A total of 30 participants, including 10 males and 20 females, were recruited. They made up our three participant groups such that there were ten females in the natural menstruation group with a mean age of 23 (SD = 5.42), ten females in the oral contraception group with a mean age of 21.20 (SD = 2.82), and ten males in the male group with a mean age of 22.20 (SD = 1.99). Based on the large effect sizes reported for malaise and nausea in prior work (e.g., 2.18 in Clemes and Howarth 2005), a power analysis using G*Power 3.1.9.4 (Faul et al. 2007) for the ANOVA interactions presented below required a sample size of nine participants per group.

Game experience and study apparatus

VR sickness was induced using a custom-designed sledding-based VR game. This was done to eliminate the effects of any prior experience participants may have had which could have influenced VR sickness severity had we used a commercially available VR game, as VR sickness is shown to significantly decrease with repeated exposure to the same virtual environment (VE) (Keshavarz 2016).

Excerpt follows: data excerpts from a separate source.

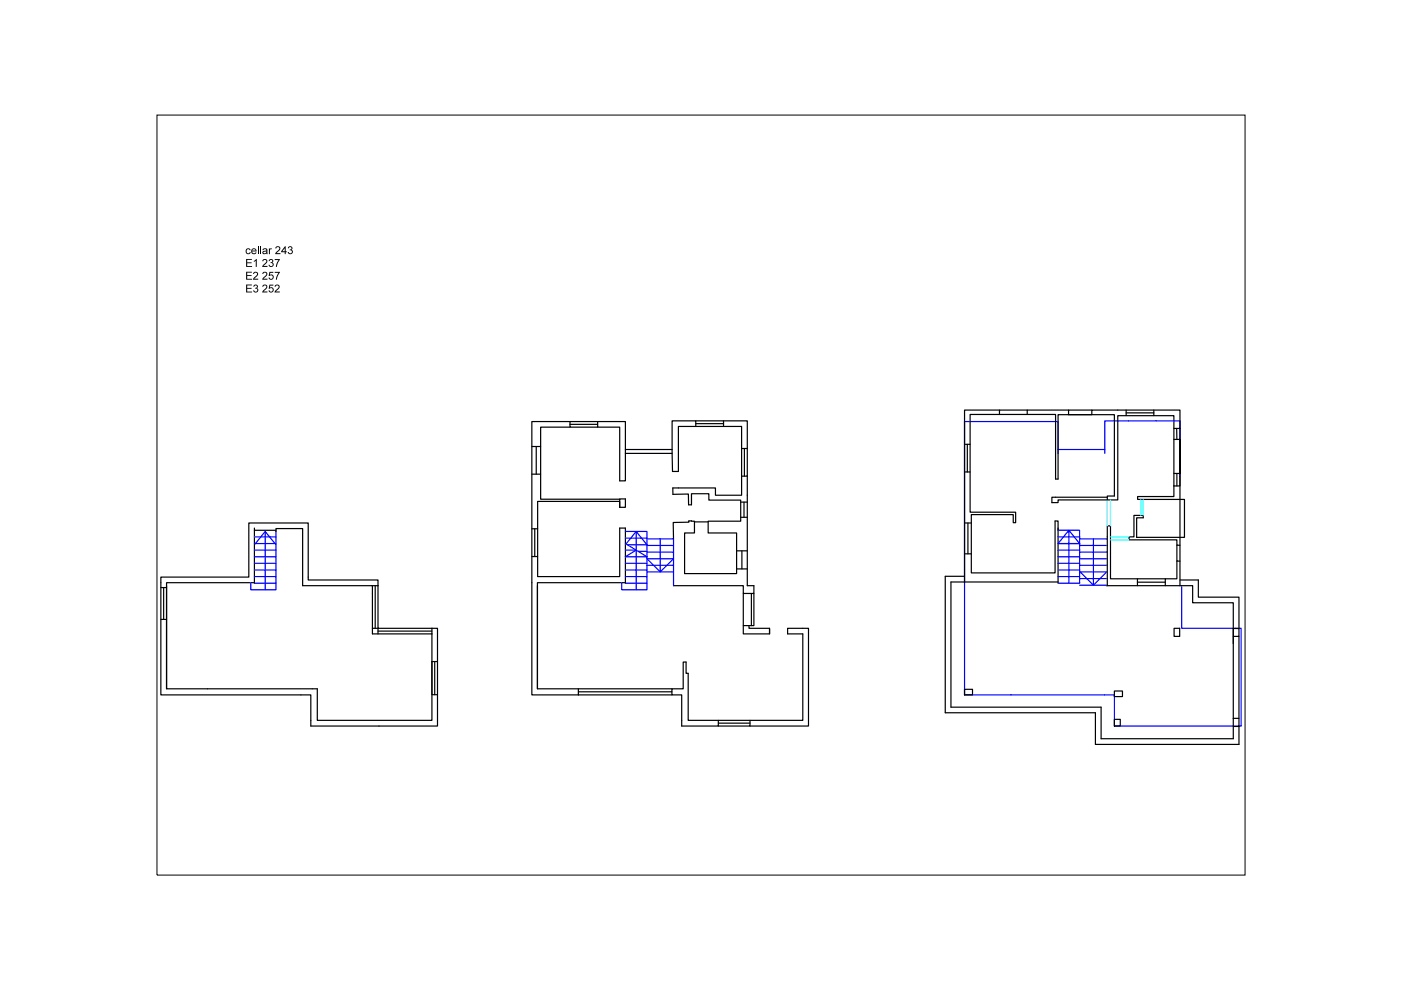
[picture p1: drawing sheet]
<svg xmlns="http://www.w3.org/2000/svg" width="297mm" height="210mm" viewBox="0 0 297 210" stroke-linecap="round" stroke-linejoin="round" font-family="sans-serif">
<g fill="none" stroke="#000" stroke-width=".25">
<path d="M113.7 94.7v5.8M114.6 94.7v5.8h-1.8M120.8 89.4h-8v57.9h9.8M120.8 90.6h-6.2v4.1h-1.8M120.8 90h5.9M126.7 89.4h-5.9v1.2h5.9M132.6 96.1v-6.7h-5.9v1.2h4.7v11.4h1.2v-5.9h9.9l.1 3.9h1.2v-9.6h13.4v14.6h-5.5v-1.5h-9.1l.1 1.3 3.3-.1v2.3h.6v-2.3h3.7v1.3h6.7v4.5h-6.9v2.5h6.1v8.6h-11.1v-8.6h2.1v-2.5l-1.1-.1v.3l-3.4 .1 .1 3.5M132.6 95.3h9.9M147.5 90.4v-1.2h-5v6.9M147.5 89.2h5.9v1.2M147.5 89.8h5.9M153.4 89.2h5v5.9h-1.2"/>
<path d="M157.8 95.1v5.9M158.4 95.1v5.9h-1.2M204.5 94.2h1.2M205.1 94.2v5.9M211.9 86.9h-7.4v36.6M217.8 86.9h-5.9v1M226.6 86.9h-8.8v1M231.5 86.9h-4.9v1h4.9v-1h18.7v3.9h-1.3M238.8 86.9v1.2M238.8 87.5h5.8M244.6 86.9v1.2M249.5 90.8v2.4"/>
<path d="M250.2 90.8v2.4h-1.3M53.9 112v11.6M53.9 112.4h4.6M58.5 112.7v-.6h5.7v12.1h14.8v10.2h12.6M112.8 112.1h1.2M112.8 118h1.2M113.4 112.1v5.9M114.6 100.5v5.3h16.8M131.4 107.6v-1.3h-17.4v16h17.4v-10.3h1.2v11.6M131.4 105.8h1.2v1.8h-1.2zM147.2 110.7h2.9M156.2 116.8h2.2"/>
<path d="M157 109.7h1.4M157 106.5h1.4M157.3 116.8v3.8M157.7 106.5v3.2M158.4 101v23.2h1.4v1.6h-2.2v-1.6h-14.8M204.5 110.9h1.4M204.5 117.4h1.4M204.5 100.1h1.2M205.2 110.9v6.5M224.3 112v11.6M234.8 106v-.8h1.5v-17.3h-12v13.7h-.5v-13.7h-18.1v20.7h9.6v2.2h-.5v-1.7h-8.9v12.4h17.8v-11h.6v1.9M248.9 103v-14.9h-11.9v17.9h-12.7v.6h-1.3v-1.2h11.8"/>
<path d="M248.9 100.4h1.3v-7.2v9.8h-1.3M248.9 103v2.3h-7.7v.6h9.9v8h-10.1v-4.1h1.4v-.5h-2v4.5h-1v.7h10.1v1.1h.7M249.5 115.6v3.4h.7M249.5 119v3.7h-2.4v1.5M249.5 100.4v2.6M250.2 101v23.2M34.1 124.6h1.2M34.1 131.3h1.2M34.7 124.6v6.7M35.3 124.2v21.8h32v6.7h24.3v-18.3M53.9 123.5h-18.6v22.5M79 124.2h1.1"/>
<path d="M79 133.2h1.1v1.2M79.6 124.2v9M80.1 124.2v9h11.5M80.1 124.2v-1.2h-14.8v-12.1h-12.5v11.5h-18.7v24.9h31.8v6.6h26.9v-20.7h-1.2M80.1 133.8h11.5M91.6 133.2v1.2M113.9 124.2v21.8h8.7M132.6 123.5h-18.7v22.5M156.2 120.6h2.2M157.6 125.8v6.8h2.2v-6.8M157.6 132.6v1.8h5.6v-1M158.8 132.6v.6h4.4v1.2"/>
<path d="M159.3 125.8v6.8M204.5 122.2h-4.1v28.9h31.8v6.7h30.5v-3.8M224.3 123.4h-22.7v26.5h31.9v6.7h28v-4.3M234.5 124.2h15.7M241.2 122.7h-5.8v-11.2h-.6v12.7M241.2 123.4h5.9M247.1 122.7h-5.9v1.5M248.9 133.2h1.2v1.7h-1.2zM250.2 124.2h2.7v3.6h8.6v5.5M250.2 123h3.9v3.6h8.6v6.7M261.5 133.3h1.2v1.6h-1.2zM261.5 133.3v19"/>
<path d="M262.7 134.9v17.4M92.2 140.3v7M92.8 140.3h-1.2v7h1.2M122.6 147.3h19.9M122.6 146.7h19.9M142.5 146h-19.9v1.3M152.3 152.7v1.2h-7.8v-6.6h-2v-1.3h2.4v-5.6h.6v2.4h.4v9.9h24.3v-18.3h-3.2v-1.2h4.4v20.7h-12.4M152.3 153.3h6.7M159 152.7v1.2h-6.7M204.5 146.1h1.7v1.2h-1.7zM236.3 152.5h1.2v1.4h-1.2zM236.3 146.5h1.7v1.2h-1.7z"/>
<path d="M261.5 152.3h1.2v1.7h-1.2"/>
</g>
<g fill="none" stroke="#00f" stroke-width=".25">
<path d="M224.3 96.1v-6.7h-19.8v57.9h31.8v6.6h26.9v-20.7h-12.7v-9M224.3 95.3h9.9M234.2 96.1v-6.9h16v11.8M53.9 119.4h4.6v1.5M53.9 118h4.6v1.4M53.9 116.6h4.6M53.9 115.2h4.6M53.9 113.8h4.6M56.2 112.7l-2.1 2.6M58.5 112.7v5.3M58.5 115.5l-2.3-2.8v12.3M132.6 119.4h4.6v1.5"/>
<path d="M132.6 116.6h2.3v8.4M132.6 112.7h4.6v5.3l-4.6-2.8M132.6 114.1h4.6M133 115.5h4.2l-2.3-2.8v3.9l-2.3 1.4h4.6v1.4M134.9 112.7l-2.2 2.6M135.3 116.9h1.9M137.2 119.9h5.6v1.4M137.2 115.6h5.6v1.5M137.2 114.3h5.6v1.3M140 114.3v7l2.8-2.8v-1.4h-5.6M142.8 119.9v-1.4h-5.6l2.8 2.8M224.3 119.4h4.6v1.5"/>
<path d="M224.3 118h4.6v1.4M224.3 116.6h4.6v1.4M224.3 115.2h4.6v1.4M224.3 113.8h4.6v1.4M224.3 112.4h4.6v1.4M226.6 112.4l-2.3 2.8h4.6l-2.3-2.8v11.2M228.9 119.9h5.9M228.9 118.5h5.9M228.9 117.1h5.9M228.9 115.6h5.9M228.9 114.3h5.9M231.8 114.3v9.8l2.8-2.8"/>
<path d="M53.2 123.5v1.5h5.3v-1.4h-4.6M53.9 122.3h4.6v1.3M53.9 120.9h4.6v1.4M131.8 123.5v1.5h5.4v-1.4h-4.6M132.6 122.3h4.6v1.3M132.6 120.9h4.6v1.4M137.2 121.3h5.6v2.9M224.3 122.3h4.6v1.3h-4.6M224.3 120.9h4.6v1.4M228.9 121.3h5.6M228.9 122.7h5.9M228.9 124.1h5.9"/>
<path d="M229 121.3l2.8 2.8"/>
</g>
<path d="M234.8 106v5.5M235.4 106v5.5M235.4 113.8h4M235.4 114.5h4M241.9 105.9v3.4M242.4 105.9v3.4" fill="none" stroke="#0ff" stroke-width=".25"/>
<g fill="#000">
<path d="M52.2 54.9h1.2v.2h-1v.5h.9v.2h-.9v.6h1v.2h-1.2zM52.2 57.6h1.2v.2h-1v.5h.9v.2h-.9v.6h1v.2h-1.2zM52.2 52.8l.6-.1 .3 .3-.2 .1a.35 .35 0 0 0-.5-.1 .35 .35 0 0 0 0 .5 .35 .35 0 0 0 .5-.1l.3 .1a.6 .6 0 0 1-1 .3 .6 .6 0 0 1 0-1zM53.8 55.3l.6-.4v1.7h-.2v-1.3l-.4 .2zM54.7 52.2h.2v1.7h-.2zM53.8 57.7a.58 .58 0 0 1 .9 .3 .58 .58 0 0 1-.4 .8l-.4 .3h.8v.2h-1.1l.3-.5a.63 .63 0 0 0 .4-1l-.6 .3zM55.2 52.2h.2v1.7h-.2zM55.8 55a.58 .58 0 0 1 .9 .3 .58 .58 0 0 1-.5 .8l-.3 .3h.8v.2h-1.1l.3-.5a.63 .63 0 0 0 .4-1l-.7 .3zM55.8 57.7a.58 .58 0 0 1 .9 .3 .58 .58 0 0 1-.5 .8l-.3 .3h.8v.2h-1.1l.3-.5a.63 .63 0 0 0 .4-1l-.7 .3zM57.1 55a.44 .44 0 0 1 .7 0 .44 .44 0 0 1-.1 .7 .53 .53 0 0 1 0 .9 .53 .53 0 0 1-.8-.4l.2-.1a.34 .34 0 0 0 .4 .3 .34 .34 0 0 0 .3-.4 .34 .34 0 0 0-.5-.2l.1-.2a.28 .28 0 0 0 .3-.2 .28 .28 0 0 0-.3-.4 .28 .28 0 0 0-.2 .4h-.2zM57.1 57.6h.8v.2h-.6l-.1 .5a.55 .55 0 0 1 .8 .3 .55 .55 0 0 1-.4 .7 .55 .55 0 0 1-.7-.4l.2-.1a.35 .35 0 0 0 .6 .2 .35 .35 0 0 0 0-.6 .35 .35 0 0 0-.5 .1h-.2zM57 52.7h.2v.1l.3-.1 .1 .2a.25 .25 0 0 0-.3 0 .25 .25 0 0 0-.1 .3v.7h-.2z"/>
<path d="M58.2 54.9h1.1l-.6 1.7h-.2l.1-.5 .5-1h-.9zM58.2 57.6h1.1l-.6 1.7h-.2l.1-.5 .5-1h-.9zM58.5 52.3a.58 .58 0 0 1 .9 .3 .58 .58 0 0 1-.4 .8l-.4 .3h.9v.2h-1.2l.3-.5a.63 .63 0 0 0 .4-1l-.6 .3zM61.2 52.3a.44 .44 0 0 1 .7 0 .44 .44 0 0 1-.1 .7 .53 .53 0 0 1 0 .9 .53 .53 0 0 1-.8-.5h.2a.34 .34 0 0 0 .4 .3 .34 .34 0 0 0 .3-.4 .34 .34 0 0 0-.5-.2v-.2a.28 .28 0 0 0 .4-.2 .28 .28 0 0 0-.3-.4 .28 .28 0 0 0-.3 .4l-.2-.1zM52.2 60.3h1.2v.2h-1v.5h.9v.2h-.9v.6h1v.2h-1.2zM53.9 60.4a.44 .44 0 0 1 .6 0 .44 .44 0 0 1 0 .7 .53 .53 0 0 1 0 .9 .53 .53 0 0 1-.8-.4l.2-.1a.34 .34 0 0 0 .4 .3 .34 .34 0 0 0 .2-.4 .34 .34 0 0 0-.4-.2v-.2a.28 .28 0 0 0 .4-.2 .28 .28 0 0 0-.3-.3 .28 .28 0 0 0-.3 .3h-.2zM55.8 60.4a.58 .58 0 0 1 .9 .3 .58 .58 0 0 1-.5 .8l-.3 .3h.8v.2h-1.1l.3-.5a.63 .63 0 0 0 .4-1l-.7 .3zM57.1 60.3h.8v.3h-.6l-.1 .4a.55 .55 0 0 1 .8 .3 .55 .55 0 0 1-.4 .7 .55 .55 0 0 1-.7-.4l.2-.1a.35 .35 0 0 0 .6 .2 .35 .35 0 0 0 0-.5 .35 .35 0 0 0-.5 0h-.2zM58.4 60.4a.58 .58 0 0 1 .9 .3 .58 .58 0 0 1-.5 .8l-.3 .3h.8v.2h-1.1l.3-.5a.63 .63 0 0 0 .4-1l-.7 .3z"/>
<path d="M53.4 52.8a.57 .57 0 0 1 .7-.1 .57 .57 0 0 1 .3 .6h-.9a.38 .38 0 0 0 .2 .4 .38 .38 0 0 0 .5-.2h.2a.62 .62 0 0 1-.9 .3 .62 .62 0 0 1-.1-1zM53.6 52.9l-.1 .2h.7l-.2-.2z"/>
<path d="M55.7 52.8l.2-.1a.53 .53 0 0 1 .7 0 .53 .53 0 0 1 .1 .7l.1 .5-.3-.2a.43 .43 0 0 1-.7 .2 .43 .43 0 0 1 0-.7l.7-.1a.31 .31 0 0 0-.3-.3 .31 .31 0 0 0-.3 .2h-.3zM55.9 53.5a.32 .32 0 0 0 .4 .2 .32 .32 0 0 0 .2-.4z"/>
<path d="M60.4 52.2h.2v1.1h.2v.2h-.2v.4h-.2v-.4h-.8v-.2zM60.4 52.6l-.5 .7h.5z"/>
</g>
<path d="M33.3 24.4h230.7v161.1h-230.7z" fill="none" stroke="#000" stroke-width=".21"/>
</svg>

Operating a virtual snow sleigh, the goal of the game was to reach the end of a predetermined sledding course while avoiding crashing into snowmen obstacles randomly placed within three implied lanes of the course. Players moved automatically forward through the course similar to moving on the rails of a rollercoaster: this was to encourage participants to move in the game as much as possible to avoid the unpleasant sensation of colliding with a snowman, thus ensuring that they all moved a similar amount, instead of letting them explore the VE at their own pace. The course traversed a flat, mountain environment consisting of a series of straight sections and bends around which the player was automatically turned, guaranteeing some movement to induce VR sickness. The game was played using a head mounted display and from a first-person perspective, placing players directly in the driving seat of the sleigh. Players controlled the game avatar by tilting their head left and right allowing them to drift between the lanes.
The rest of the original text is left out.